In spite of all things, I have found myself somewhat favorably disposed towards these books. Why, oh why?

Last night I had a nice debate with my brother about the value of The Hunger Games. Mostly, my argument came down to the old “at least it's got them reading” - an attitude I once abhorred. However, through my job at the library I have come to see a lot of value in that attitude. Kids read trash. Grown-ups read trash too, and nine times out of ten you don't see any hope of that changing. But then, there's that one kid who comes up and asks, “I just finished The Hunger Games. What should I read next?” and you've got that chance to say, “Here. Read this." From that point, you can move on to better and brighter things. It takes baby steps, but it can be a doorway to really good literature.
SOME people (ahem) would argue that there is no worth in reading worthless books. At face value, I agree. Worthless is worthless. But for anyone who reads one book and still has a desire to read more books, then there is always hope that that person will leave behind the worthless and begin climbing towards literature that is not merely entertainment, but thoughtful and wholesome. So while The Hunger Games is by no means good literature, it is better than a lot of what is out there available for young adults to read. I'd rather they pick up this than some vampire love story full of sex and violence and moral abandon.

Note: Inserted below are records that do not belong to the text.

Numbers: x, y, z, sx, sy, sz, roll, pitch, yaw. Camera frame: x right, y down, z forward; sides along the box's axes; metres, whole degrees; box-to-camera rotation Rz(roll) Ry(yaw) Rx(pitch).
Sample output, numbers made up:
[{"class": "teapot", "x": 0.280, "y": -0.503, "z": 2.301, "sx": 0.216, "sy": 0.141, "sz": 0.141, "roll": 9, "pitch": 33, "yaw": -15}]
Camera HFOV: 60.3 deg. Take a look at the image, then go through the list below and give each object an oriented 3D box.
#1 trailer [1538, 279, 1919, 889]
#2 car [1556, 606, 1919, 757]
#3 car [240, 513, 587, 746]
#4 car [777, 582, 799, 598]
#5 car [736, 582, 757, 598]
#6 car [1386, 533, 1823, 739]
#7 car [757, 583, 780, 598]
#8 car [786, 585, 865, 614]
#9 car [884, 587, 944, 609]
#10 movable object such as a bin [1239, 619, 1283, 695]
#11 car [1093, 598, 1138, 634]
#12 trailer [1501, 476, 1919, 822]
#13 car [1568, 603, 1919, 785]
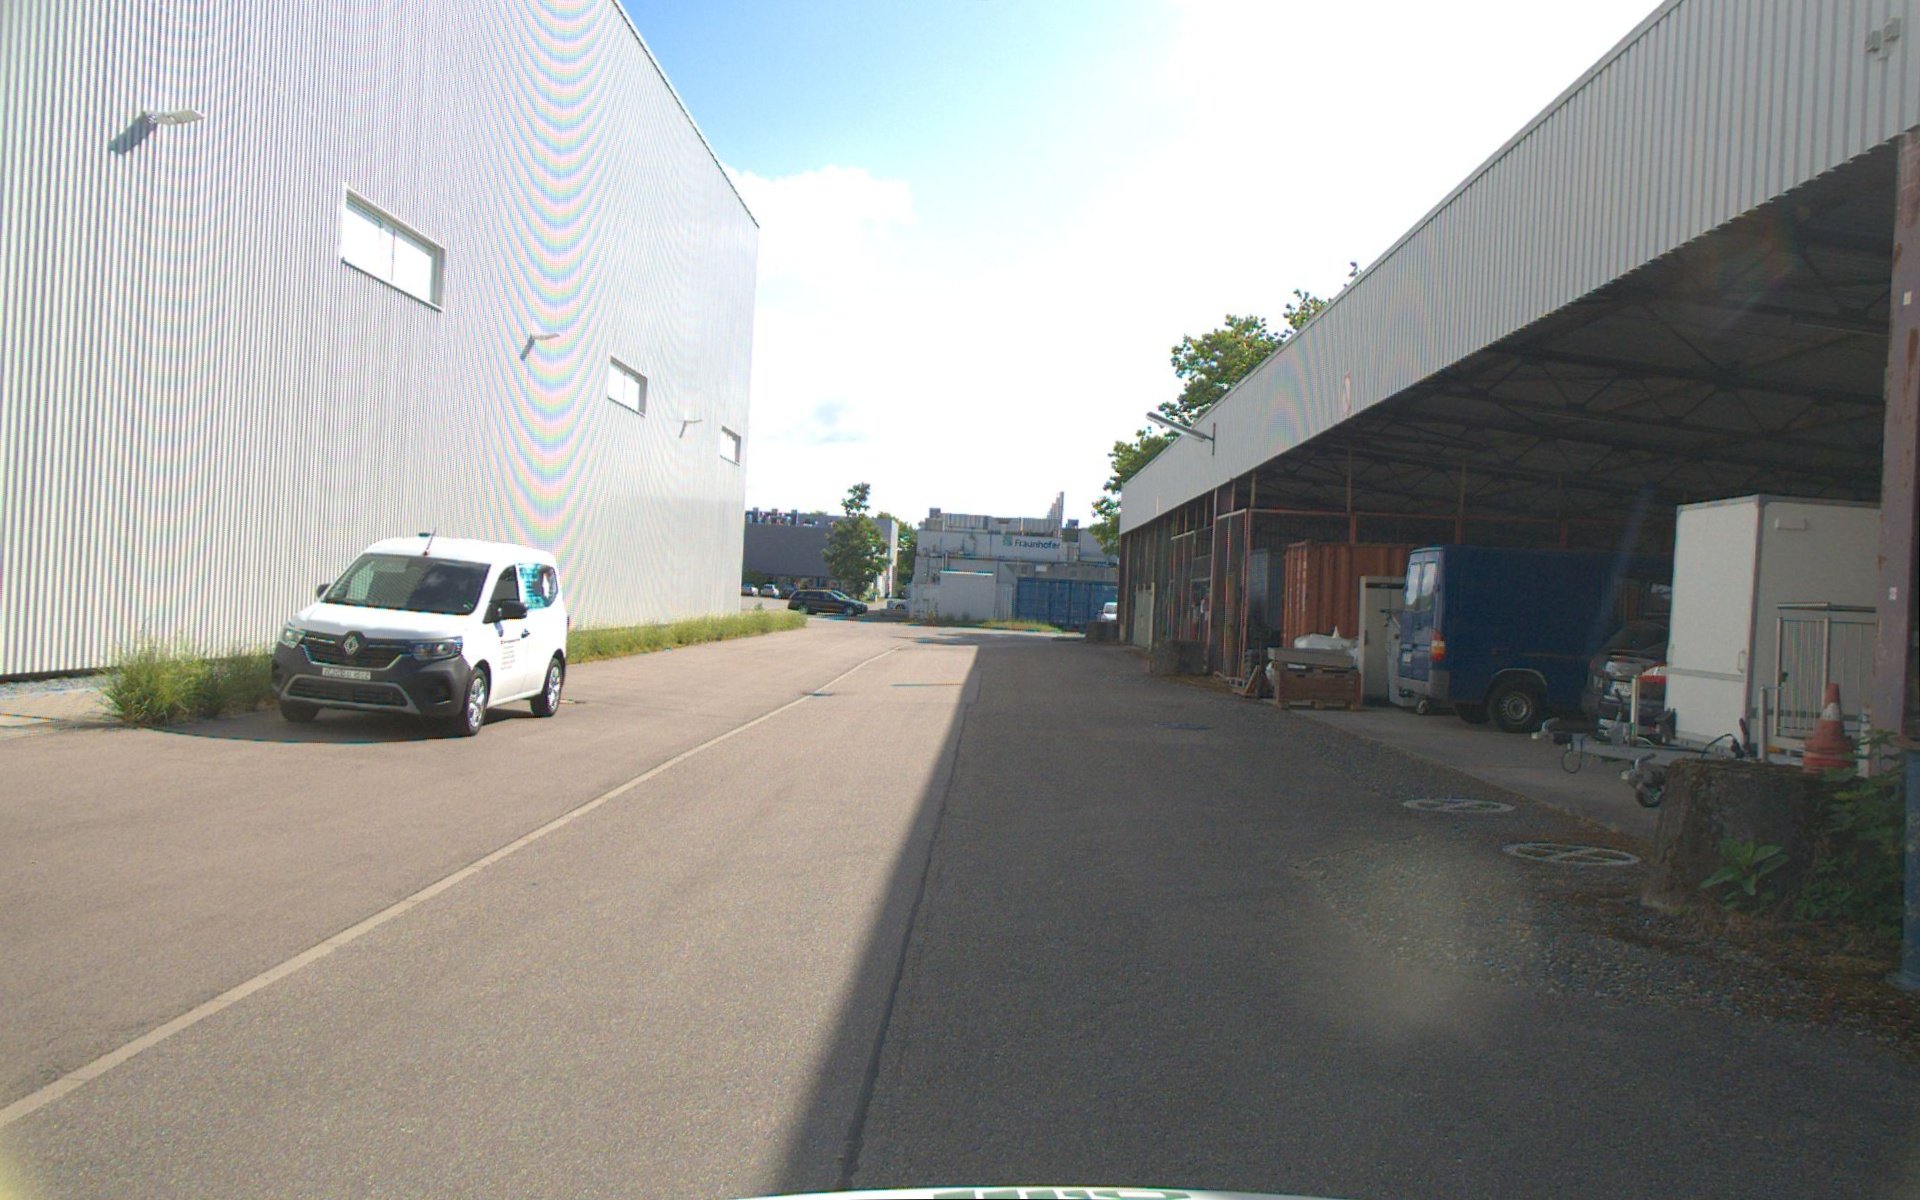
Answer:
[{"class": "trailer", "x": 9.061, "y": 0.051, "z": 10.347, "sx": 9.831, "sy": 3.272, "sz": 2.854, "roll": 2, "pitch": 0, "yaw": 1}, {"class": "car", "x": 9.023, "y": 0.892, "z": 18.663, "sx": 3.908, "sy": 1.498, "sz": 1.787, "roll": 2, "pitch": 0, "yaw": -4}, {"class": "car", "x": -5.243, "y": 0.251, "z": 16.559, "sx": 1.852, "sy": 1.877, "sz": 4.359, "roll": 5, "pitch": 0, "yaw": 0}, {"class": "car", "x": -20.214, "y": -1.132, "z": 194.368, "sx": 2.148, "sy": 1.766, "sz": 4.000, "roll": 1, "pitch": 0, "yaw": 0}, {"class": "car", "x": -25.229, "y": -1.149, "z": 195.793, "sx": 1.952, "sy": 1.766, "sz": 4.000, "roll": 1, "pitch": 0, "yaw": 0}, {"class": "car", "x": 8.299, "y": 0.445, "z": 21.636, "sx": 4.876, "sy": 2.366, "sz": 2.000, "roll": 2, "pitch": 0, "yaw": 1}, {"class": "car", "x": -22.690, "y": -1.136, "z": 196.108, "sx": 2.148, "sy": 1.766, "sz": 4.000, "roll": 1, "pitch": 0, "yaw": 0}, {"class": "car", "x": -8.021, "y": -0.023, "z": 98.787, "sx": 4.432, "sy": 1.534, "sz": 1.909, "roll": 2, "pitch": 0, "yaw": 3}, {"class": "car", "x": -3.482, "y": -0.154, "z": 126.338, "sx": 4.432, "sy": 1.534, "sz": 1.909, "roll": 2, "pitch": 0, "yaw": 2}, {"class": "movable object such as a bin", "x": 4.967, "y": 0.927, "z": 27.348, "sx": 0.569, "sy": 1.185, "sz": 1.239, "roll": 2, "pitch": 0, "yaw": 5}, {"class": "car", "x": 8.049, "y": 0.812, "z": 85.840, "sx": 1.953, "sy": 1.613, "sz": 4.173, "roll": 2, "pitch": 2, "yaw": 0}, {"class": "trailer", "x": 6.885, "y": 0.383, "z": 12.915, "sx": 4.711, "sy": 2.433, "sz": 1.828, "roll": 2, "pitch": 0, "yaw": 6}, {"class": "car", "x": 8.174, "y": 0.862, "z": 15.543, "sx": 4.241, "sy": 1.522, "sz": 1.777, "roll": 2, "pitch": 0, "yaw": -2}]

So, this is not so much a blog post about The Hunger Games, but about books like them, and my reading of books in general. Here we come to the next scene, wherein Emily apologizes for her recent absence and proposes a new plan for the future, but first makes a broad, sweeping statement.

All Young Adult (YA) books are like The Hunger Games. They are generally poorly written, poorly plotted, poorly peopled with poor characters who are full of themselves and pulling this whole 'who am I, really?' gig, and presented to the poor souls who read them and thus consider themselves heavy readers. If there is a book on the YA shelves that does not meet this criteria, then please, put it on the children's or adult's shelves. YA books have no need to exist. If a child has progressed beyond Charlotte's Web, (although, really, who ever does? I reread that book every summer) then give them Robert Louis Stevenson or Jane Austen or Mark Twain or the bookshelves to them and let them learn, and teach them how read real books. If you are a young person with a reading level advanced beyond J. K. Rowling or Kate DiCamillo, then you don't need something to bridge the gap between children's books and literature for grown-ups. Not to boast, but I read Great Expectations when I was nine. I came away with the vaguest of ideas about what Pip experienced and what made Estella so awful, and the hilarity and intensity of Dicken's characters, stories and settings was lost on my quite-young, still-developing brain. But reading that book helped my brain to develop; only by reading good books will we learn how to read good books, or understand their worth or be affected by their meaning. We don't learn to eat if we never sink our teeth into anything more solid than mashed carrots. We don't learn to tie our shoes if we only wear sneakers with velcro. We don't learn to digest good books if we don't read good books. We don't need this weird buffer genera that specifically caters to teen angst, disillusionment, coming of age, and rule-breaking, disrespectful, self-absorbed nonsense.
However – if somehow there is one who has slipped and fallen towards the appealing mirage of YA, there are different levels of terrible, and one level can lead to the next. And perhaps one day they can lead right out of the sea of worthless books and on to better and brighter things. There is always hope. It would be better for us all if The Hunger Games didn't exist, and all the books surrounding it that are various degrees of horrible. But they do exist, and one can hope that the reason they exist is to train eyes upward towards the better things.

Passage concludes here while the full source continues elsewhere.